Facilitates rapid, concurrent querying of the Google search engine utilizing multiple specified search terms, incorporating automated defense against verification checks and outputting organized results in JSON structure for downstream consumption.

Author

google-parallel-query-engine logo

jae-jae

MIT License

Quick Info

GitHub GitHub Stars 210
NPM Weekly Downloads 12269
Tools 1
Last Updated 2026-02-19

Tags

automationscrapinggooglebrowser automationautomation websearching scraping
g-search-mcp Logo

Google Parallel Query Engine (GPQE)

An advanced Master Control Program (MCP) server dedicated to high-throughput Google lookups, allowing simultaneous execution across numerous distinct search phrases.

This utility is derived from the original google-search project.

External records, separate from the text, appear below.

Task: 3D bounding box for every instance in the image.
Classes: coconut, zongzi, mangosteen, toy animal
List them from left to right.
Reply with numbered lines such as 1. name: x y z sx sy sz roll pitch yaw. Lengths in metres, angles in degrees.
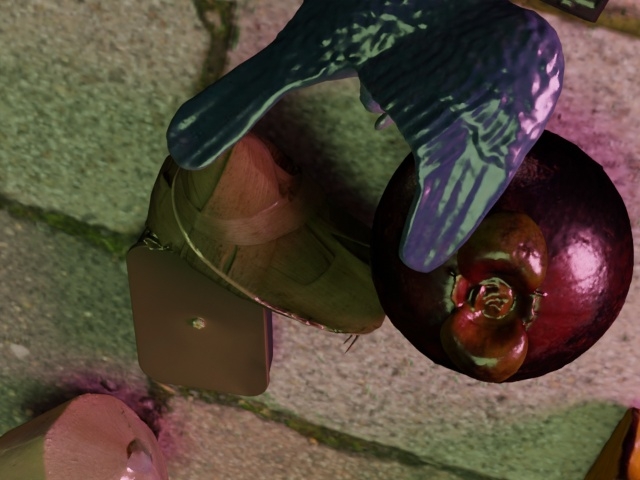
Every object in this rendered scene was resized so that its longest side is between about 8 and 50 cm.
1. coconut: -0.163 0.167 1.208 0.122 0.116 0.116 -24 121 39
2. zongzi: 0.000 0.000 0.981 0.189 0.081 0.178 30 165 -11
3. toy animal: 0.033 -0.122 0.836 0.239 0.255 0.176 55 170 18
4. mangosteen: 0.097 0.012 0.953 0.152 0.152 0.152 9 134 9

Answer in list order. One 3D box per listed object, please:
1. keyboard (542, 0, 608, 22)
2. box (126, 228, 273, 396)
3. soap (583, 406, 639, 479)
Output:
1. keyboard: 0.064 -0.172 0.884 0.198 0.010 0.063 24 137 -5
2. box: -0.075 0.044 1.119 0.091 0.031 0.126 8 133 11
3. soap: 0.306 0.244 1.141 0.324 0.096 0.204 20 135 -1

🌟 Highly Recommended Companion: OllaMan - For robust management of Ollama AI models.

Key Capabilities

  • Concurrency: Enables simultaneous execution of searches across a range of input keywords against Google, significantly boosting acquisition speed.
  • Browser Efficiency: Leverages a single browser instance to manage numerous concurrent tabs for streamlined parallel fetching.
  • Challenge Mitigation: Smartly identifies and intercepts security prompts (like CAPTCHAs), switching to visible browser mode only when mandatory user interaction for validation is required.
  • User Emulation: Implements patterns mimicking genuine human browsing activities to minimize rate-limiting or blocking by search indexers.
  • Standardized Output: Delivers the gathered search data in a machine-readable JSON format, simplifying subsequent analytical pipelines.
  • Adaptable Settings: Allows fine-tuning of operational parameters, including result counts per query, data retrieval timeouts, and search locale preferences.

Initial Deployment

Execute immediately via npx:

npx -y g-search-mcp

For the first use, ensure the necessary browser automation binaries are installed in your terminal:

npx playwright install chromium

Diagnostic Mode

Invoke with the --debug flag to operate in a visible window mode:

npx -y g-search-mcp --debug

Configuring the MCP Interface

Integrate this server within your Claude Desktop configuration:

MacOS Path: ~/Library/Application Support/Claude/claude_desktop_config.json Windows Path: %APPDATA%/Claude/claude_desktop_config.json

Configuration Snippet:

{
  "mcpServers": {
    "g-search": {
      "command": "npx",
      "args": ["-y", "g-search-mcp"]
    }
  }
}

Available Functionality

  • search - Initiates Google lookups based on an array of input strings, returning structured results.
  • Utilizes the Playwright browser environment for execution.
  • Supports the subsequent configuration arguments:
    • queries: Mandatory array defining the search phrases to process.
    • limit: Maximum records retrieved per query; defaults to 10.
    • timeout: Maximum allowable time (in milliseconds) for page loading; defaults to 60000 (1 minute).
    • noSaveState: Boolean flag to prevent saving browser session data; defaults to false.
    • locale: Specifies the geographical/language setting for search results; defaults to en-US.
    • debug: Overrides command-line settings to force display of the browser interface.

Usage Prompt Example:

Utilize the search utility to investigate "machine learning" and "artificial intelligence" on Google

Expected Output Structure:

{
  "searches": [
    {
      "query": "machine learning",
      "results": [
        {
          "title": "What is Machine Learning? | IBM",
          "link": "https://www.ibm.com/topics/machine-learning",
          "snippet": "Machine learning is a branch of artificial intelligence (AI) and computer science which focuses on the use of data and algorithms to imitate the way that humans learn, gradually improving its accuracy."
        },
        ...
      ]
    },
    {
      "query": "artificial intelligence",
      "results": [
        {
          "title": "What is Artificial Intelligence (AI)? | IBM",
          "link": "https://www.ibm.com/topics/artificial-intelligence",
          "snippet": "Artificial intelligence leverages computers and machines to mimic the problem-solving and decision-making capabilities of the human mind."
        },
        ...
      ]
    }
  ]
}

Operational Guidance

Addressing Specific Site Complexities

Modifying Query Parameters

  • Result Volume Control: To obtain a larger set of findings:

Request the top 20 search results for every input term.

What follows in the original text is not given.